▸ **Task requirements**:
Copy each line of the records that includes "this".

▸ **Materials provided**:
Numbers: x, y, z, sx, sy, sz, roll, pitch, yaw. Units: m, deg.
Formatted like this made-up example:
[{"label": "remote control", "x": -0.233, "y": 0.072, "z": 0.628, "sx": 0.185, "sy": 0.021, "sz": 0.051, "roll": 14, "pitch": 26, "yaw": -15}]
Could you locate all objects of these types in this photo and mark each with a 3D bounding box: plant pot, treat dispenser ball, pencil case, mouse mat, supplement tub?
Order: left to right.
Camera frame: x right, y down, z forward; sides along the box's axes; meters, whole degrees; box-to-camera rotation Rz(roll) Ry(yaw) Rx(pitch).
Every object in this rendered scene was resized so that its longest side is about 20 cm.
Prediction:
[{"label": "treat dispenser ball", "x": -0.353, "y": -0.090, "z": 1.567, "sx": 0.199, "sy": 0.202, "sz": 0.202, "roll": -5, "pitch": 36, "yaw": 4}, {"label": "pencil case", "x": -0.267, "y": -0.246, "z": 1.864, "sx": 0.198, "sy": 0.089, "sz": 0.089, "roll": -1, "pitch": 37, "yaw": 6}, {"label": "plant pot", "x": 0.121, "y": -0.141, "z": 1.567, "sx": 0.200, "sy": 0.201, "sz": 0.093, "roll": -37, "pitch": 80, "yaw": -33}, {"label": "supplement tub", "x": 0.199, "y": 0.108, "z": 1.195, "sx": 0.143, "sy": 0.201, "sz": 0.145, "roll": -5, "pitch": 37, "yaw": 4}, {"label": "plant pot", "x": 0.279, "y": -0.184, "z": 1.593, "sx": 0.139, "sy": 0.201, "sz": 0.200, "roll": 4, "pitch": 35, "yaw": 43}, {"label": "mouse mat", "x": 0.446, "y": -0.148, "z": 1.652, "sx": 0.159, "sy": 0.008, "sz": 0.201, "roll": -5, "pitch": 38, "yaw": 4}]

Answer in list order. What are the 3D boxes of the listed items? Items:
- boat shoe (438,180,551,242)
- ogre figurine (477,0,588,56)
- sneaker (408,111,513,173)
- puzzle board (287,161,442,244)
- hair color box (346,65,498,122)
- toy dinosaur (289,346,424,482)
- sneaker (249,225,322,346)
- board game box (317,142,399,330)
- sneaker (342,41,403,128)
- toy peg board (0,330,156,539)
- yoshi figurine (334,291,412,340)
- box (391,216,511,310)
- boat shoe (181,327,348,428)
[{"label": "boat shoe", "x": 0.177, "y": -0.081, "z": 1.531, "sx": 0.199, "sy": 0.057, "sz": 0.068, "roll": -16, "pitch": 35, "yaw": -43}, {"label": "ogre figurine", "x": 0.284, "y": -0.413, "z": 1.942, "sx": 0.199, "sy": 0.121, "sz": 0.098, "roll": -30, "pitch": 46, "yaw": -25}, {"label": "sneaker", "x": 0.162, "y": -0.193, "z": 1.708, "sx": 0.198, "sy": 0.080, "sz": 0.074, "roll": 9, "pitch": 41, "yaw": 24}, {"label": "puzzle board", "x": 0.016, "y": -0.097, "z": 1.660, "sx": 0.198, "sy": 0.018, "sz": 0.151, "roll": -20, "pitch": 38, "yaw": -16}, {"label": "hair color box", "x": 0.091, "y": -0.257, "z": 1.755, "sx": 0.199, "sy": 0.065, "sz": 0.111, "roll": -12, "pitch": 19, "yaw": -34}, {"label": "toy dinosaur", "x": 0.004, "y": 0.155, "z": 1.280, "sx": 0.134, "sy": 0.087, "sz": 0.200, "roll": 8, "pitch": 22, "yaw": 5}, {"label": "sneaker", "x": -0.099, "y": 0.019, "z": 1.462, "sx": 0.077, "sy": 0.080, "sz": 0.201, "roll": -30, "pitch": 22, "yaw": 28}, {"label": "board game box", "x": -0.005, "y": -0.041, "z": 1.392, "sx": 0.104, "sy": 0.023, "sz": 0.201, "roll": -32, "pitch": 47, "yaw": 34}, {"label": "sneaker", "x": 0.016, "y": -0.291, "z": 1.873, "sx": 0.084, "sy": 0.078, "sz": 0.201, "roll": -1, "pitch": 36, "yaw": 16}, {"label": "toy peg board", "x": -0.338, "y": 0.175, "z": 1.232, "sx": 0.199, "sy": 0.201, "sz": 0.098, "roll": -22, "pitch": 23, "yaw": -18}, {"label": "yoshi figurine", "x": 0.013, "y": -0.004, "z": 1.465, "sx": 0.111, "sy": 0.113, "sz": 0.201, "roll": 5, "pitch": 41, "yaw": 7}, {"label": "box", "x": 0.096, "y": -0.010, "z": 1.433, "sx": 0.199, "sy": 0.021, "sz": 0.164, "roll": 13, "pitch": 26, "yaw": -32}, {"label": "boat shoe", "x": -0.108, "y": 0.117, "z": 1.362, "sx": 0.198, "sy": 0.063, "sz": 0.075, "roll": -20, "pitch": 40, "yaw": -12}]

▸ **Task result**:
Formatted like this made-up example:
Could you locate all objects of these types in this photo and mark each with a 3D bounding box: plant pot, treat dispenser ball, pencil case, mouse mat, supplement tub?
Every object in this rendered scene was resized so that its longest side is about 20 cm.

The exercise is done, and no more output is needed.